China signed a $300 million trade deal last week to import Israeli lab-meat technologies, VegNews reported. Two Israeli companies – SuperMeat and Future Meat Technologies are currently working to replace meat animals with “synthetic,” a.k.a. “lab-grown,” a.k.a. “cultured” meat.
China signed the deal as part of its effort to reduce its greenhouse gas emissions by reducing the impact of cows and other animals that emit methane. Cows are considered the most dangerous source of greenhouse gases on the planet. China’s Bill Gates wannabe billionaire Li Ka-Shing has been investmenting heavily in US food technology firms Impossible Foods (makers of the Impossible Burger) and Hampton Creek—which plans to start marketing its lab meat as early as 2018.

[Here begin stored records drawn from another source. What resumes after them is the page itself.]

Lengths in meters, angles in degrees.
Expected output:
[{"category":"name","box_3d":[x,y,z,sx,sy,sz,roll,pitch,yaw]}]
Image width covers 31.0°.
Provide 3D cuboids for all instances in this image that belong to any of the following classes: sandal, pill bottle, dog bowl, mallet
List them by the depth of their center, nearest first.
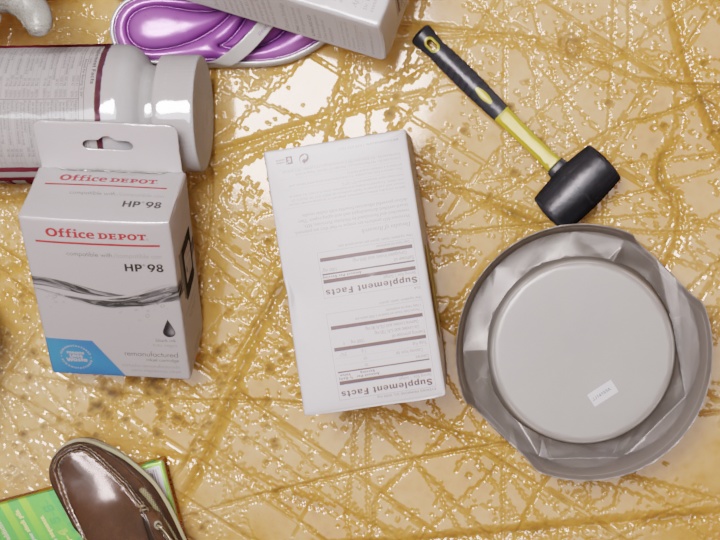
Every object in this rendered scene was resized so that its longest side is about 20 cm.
[{"category":"pill bottle","box_3d":[-0.221,-0.122,1.020,0.199,0.110,0.110,0,93,4]},{"category":"dog bowl","box_3d":[0.174,0.062,1.028,0.199,0.059,0.201,0,93,4]},{"category":"sandal","box_3d":[-0.103,-0.200,1.039,0.202,0.050,0.083,-13,92,4]},{"category":"mallet","box_3d":[0.111,-0.113,1.039,0.200,0.041,0.066,38,97,6]}]

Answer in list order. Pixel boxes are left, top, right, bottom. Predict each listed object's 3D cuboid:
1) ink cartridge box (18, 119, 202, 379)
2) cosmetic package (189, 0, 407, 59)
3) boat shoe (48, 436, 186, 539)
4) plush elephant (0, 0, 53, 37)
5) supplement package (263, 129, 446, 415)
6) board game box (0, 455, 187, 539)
[{"category":"ink cartridge box","box_3d":[-0.190,-0.012,0.993,0.115,0.067,0.201,2,130,4]},{"category":"cosmetic package","box_3d":[-0.059,-0.242,0.981,0.199,0.074,0.102,19,80,9]},{"category":"boat shoe","box_3d":[-0.174,0.218,1.025,0.075,0.075,0.202,-40,92,1]},{"category":"plush elephant","box_3d":[-0.271,-0.235,0.958,0.199,0.165,0.155,14,63,-5]},{"category":"supplement package","box_3d":[0.000,0.000,1.010,0.109,0.114,0.201,-9,93,5]},{"category":"board game box","box_3d":[-0.246,0.226,1.075,0.199,0.030,0.096,-15,91,-2]}]

In July, SuperMeat reached its $100,000 crowdfunding goal, and as recruited award-winning biomedical engineer Yaakov Nahmias of the Hebrew University and Prof. Shulamit Levenberg from the Technion to develop a meat-making machine that would utilize animal cells to produce “real meat without harming animals.”
According to the SuperMeat website, in January 2015, the Modern Agriculture Foundation (MAF), with the help of Prof. Amit Gefen from Tel Aviv University, launched a spearhead clean chicken meat project – a feasibility study that helped determine the cost, time table and resources to create commercial clean chicken meat and will became a cornerstone for future researchers and entrepreneurs.
“It is a colossal market opportunity,” says Bruce Friedrich, head of the The Good Food Institute (GFI), which supports and lobbies on behalf of meat alternative interests. “This could put [lab-made] meat onto the radar of Chinese officials who have the capacity to steer billions of dollars into this technology.”